__Information shown__
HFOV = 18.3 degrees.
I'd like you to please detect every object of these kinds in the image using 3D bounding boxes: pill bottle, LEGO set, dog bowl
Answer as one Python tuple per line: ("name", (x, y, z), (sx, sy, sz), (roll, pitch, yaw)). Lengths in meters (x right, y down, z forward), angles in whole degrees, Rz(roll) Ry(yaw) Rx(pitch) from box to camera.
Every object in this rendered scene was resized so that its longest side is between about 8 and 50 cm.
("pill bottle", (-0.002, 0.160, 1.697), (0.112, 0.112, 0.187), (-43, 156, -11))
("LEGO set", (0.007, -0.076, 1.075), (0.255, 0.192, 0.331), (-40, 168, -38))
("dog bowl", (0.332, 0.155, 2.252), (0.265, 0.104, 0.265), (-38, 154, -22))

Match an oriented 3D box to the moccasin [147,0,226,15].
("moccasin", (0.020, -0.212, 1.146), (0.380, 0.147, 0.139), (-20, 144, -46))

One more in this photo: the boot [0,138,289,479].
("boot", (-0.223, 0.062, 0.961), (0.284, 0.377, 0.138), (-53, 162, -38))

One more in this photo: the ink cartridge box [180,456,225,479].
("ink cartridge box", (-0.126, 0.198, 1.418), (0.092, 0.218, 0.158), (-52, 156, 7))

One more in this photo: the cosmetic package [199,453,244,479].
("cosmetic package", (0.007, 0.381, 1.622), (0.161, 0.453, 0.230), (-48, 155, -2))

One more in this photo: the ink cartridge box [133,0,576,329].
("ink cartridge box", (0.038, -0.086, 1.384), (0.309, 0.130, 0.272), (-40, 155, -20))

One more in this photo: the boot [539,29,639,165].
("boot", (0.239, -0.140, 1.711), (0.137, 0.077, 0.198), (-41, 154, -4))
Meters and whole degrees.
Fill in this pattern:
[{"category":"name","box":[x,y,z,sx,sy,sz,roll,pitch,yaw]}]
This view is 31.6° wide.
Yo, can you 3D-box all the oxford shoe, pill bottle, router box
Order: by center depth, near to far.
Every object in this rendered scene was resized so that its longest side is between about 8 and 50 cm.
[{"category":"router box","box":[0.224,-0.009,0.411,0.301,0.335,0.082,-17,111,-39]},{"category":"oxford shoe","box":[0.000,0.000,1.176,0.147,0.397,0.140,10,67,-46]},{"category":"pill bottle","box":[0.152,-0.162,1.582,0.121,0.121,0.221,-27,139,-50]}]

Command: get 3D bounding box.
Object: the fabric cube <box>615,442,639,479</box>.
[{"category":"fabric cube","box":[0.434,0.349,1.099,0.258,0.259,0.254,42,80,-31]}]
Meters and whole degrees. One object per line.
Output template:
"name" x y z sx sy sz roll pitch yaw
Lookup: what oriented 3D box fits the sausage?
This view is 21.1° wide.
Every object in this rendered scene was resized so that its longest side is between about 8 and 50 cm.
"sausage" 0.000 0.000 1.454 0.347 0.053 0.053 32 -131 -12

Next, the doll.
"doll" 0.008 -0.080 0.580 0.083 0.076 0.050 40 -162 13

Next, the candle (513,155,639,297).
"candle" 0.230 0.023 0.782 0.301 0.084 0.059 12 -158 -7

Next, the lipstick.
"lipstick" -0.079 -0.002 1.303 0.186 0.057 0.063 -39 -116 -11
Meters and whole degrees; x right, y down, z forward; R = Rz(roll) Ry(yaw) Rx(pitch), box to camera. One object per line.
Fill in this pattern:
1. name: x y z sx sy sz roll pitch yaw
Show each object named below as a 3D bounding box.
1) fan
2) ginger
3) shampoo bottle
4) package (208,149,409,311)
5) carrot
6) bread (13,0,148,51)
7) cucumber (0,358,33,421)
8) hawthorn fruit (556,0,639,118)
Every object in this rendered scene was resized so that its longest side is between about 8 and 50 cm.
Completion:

__Required work__
From the records above, copy only the lines starting with the line that holds "One more in this photo: the ink cartridge box [133,0,576,329]." and going on through the line that holds "This view is 31.6° wide.", exactly as written.

__Exercise result__
One more in this photo: the ink cartridge box [133,0,576,329].
("ink cartridge box", (0.038, -0.086, 1.384), (0.309, 0.130, 0.272), (-40, 155, -20))

One more in this photo: the boot [539,29,639,165].
("boot", (0.239, -0.140, 1.711), (0.137, 0.077, 0.198), (-41, 154, -4))
Meters and whole degrees.
Fill in this pattern:
[{"category":"name","box":[x,y,z,sx,sy,sz,roll,pitch,yaw]}]
This view is 31.6° wide.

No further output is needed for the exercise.